Running some nonlinear models, sometimes happen to me that I can have a successful "convergence" message from SAS (Convergestatus table: F Conv), and at the same time  I can have in the Parameter Estimates: SE with infinity value and the message in the Log: 

"The final Hessian matrix is full rank but has at least one negative eigenvalue. Second-order optimality condition violated."

I have 2 questions:

1) Could this behavior (Non-positive definite H matrix, and infinity SE) happen with a G-Convergence?
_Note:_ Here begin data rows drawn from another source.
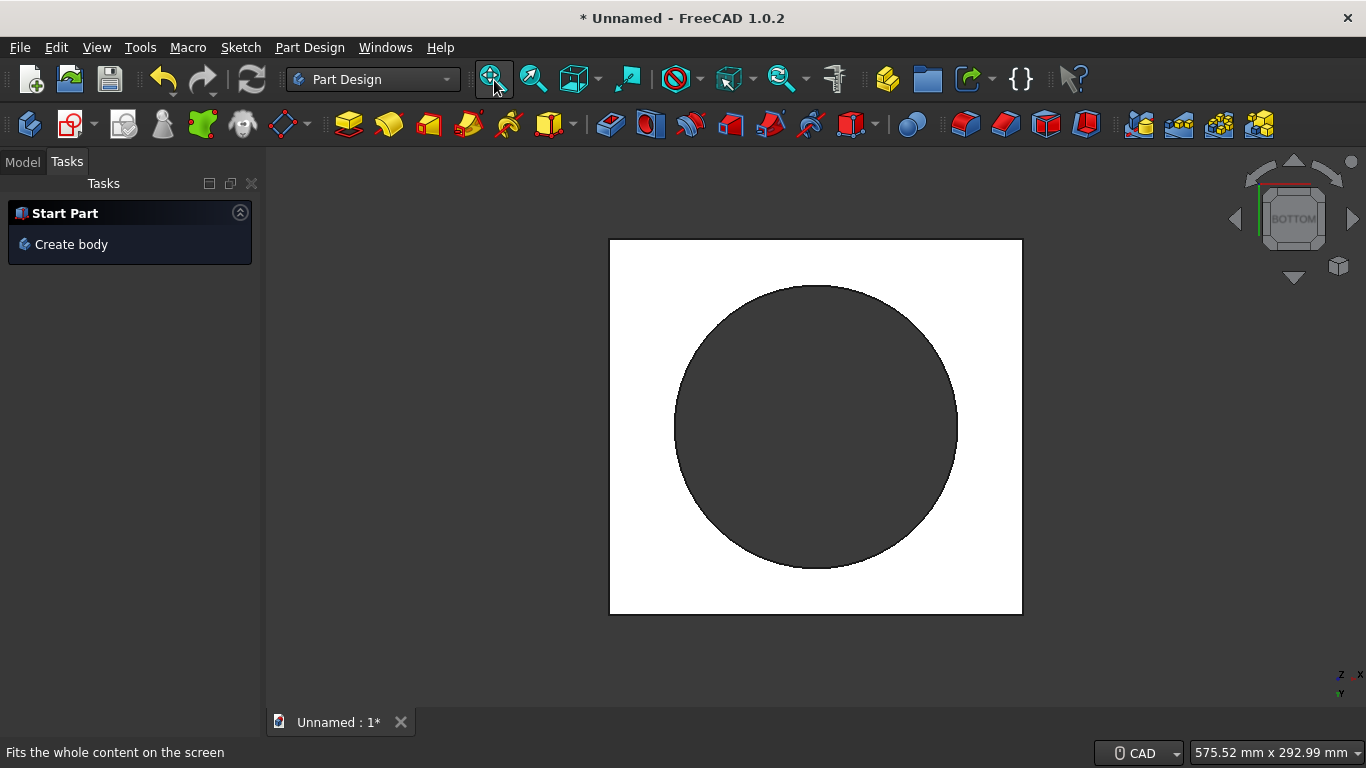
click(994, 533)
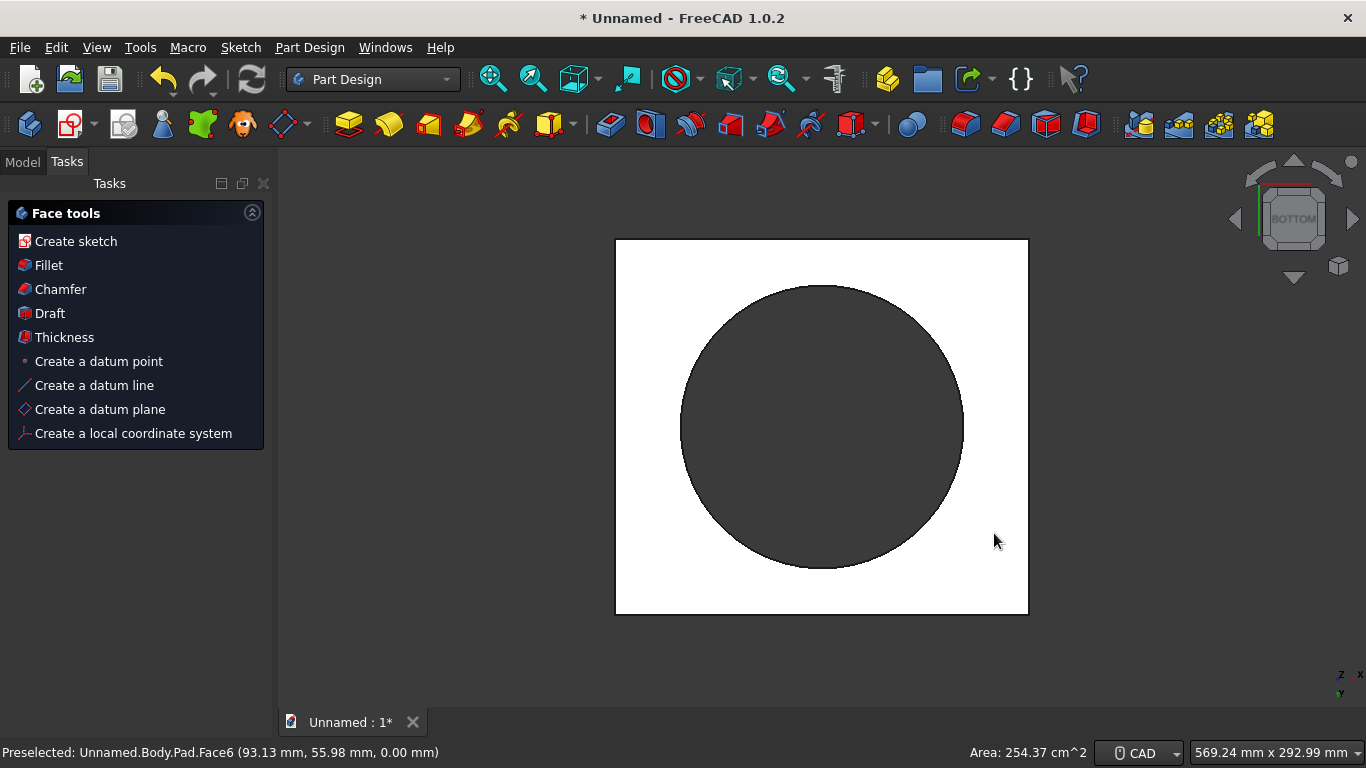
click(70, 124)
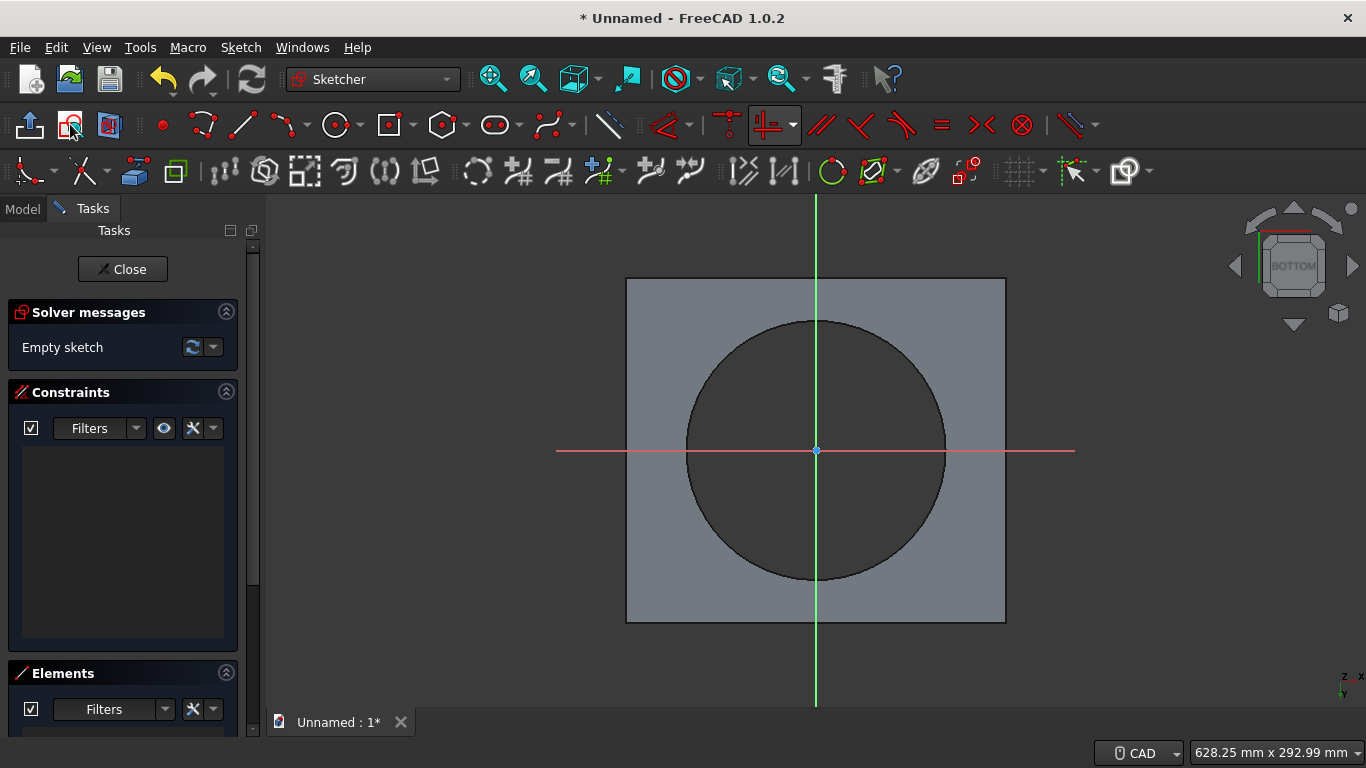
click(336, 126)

2) If the previous answer is YES (in the case of NO, the response to the following question is clear now). Is it possible to have the Hessian matrix status log message as a table output?

Thanks in advance!!!!

1 ACCEPTED SOLUTION

Accepted Solutions
Rick_SAS
SAS Super FREQ

Thanks for posting data and code. Very helpful. I think the following will work. Try it out.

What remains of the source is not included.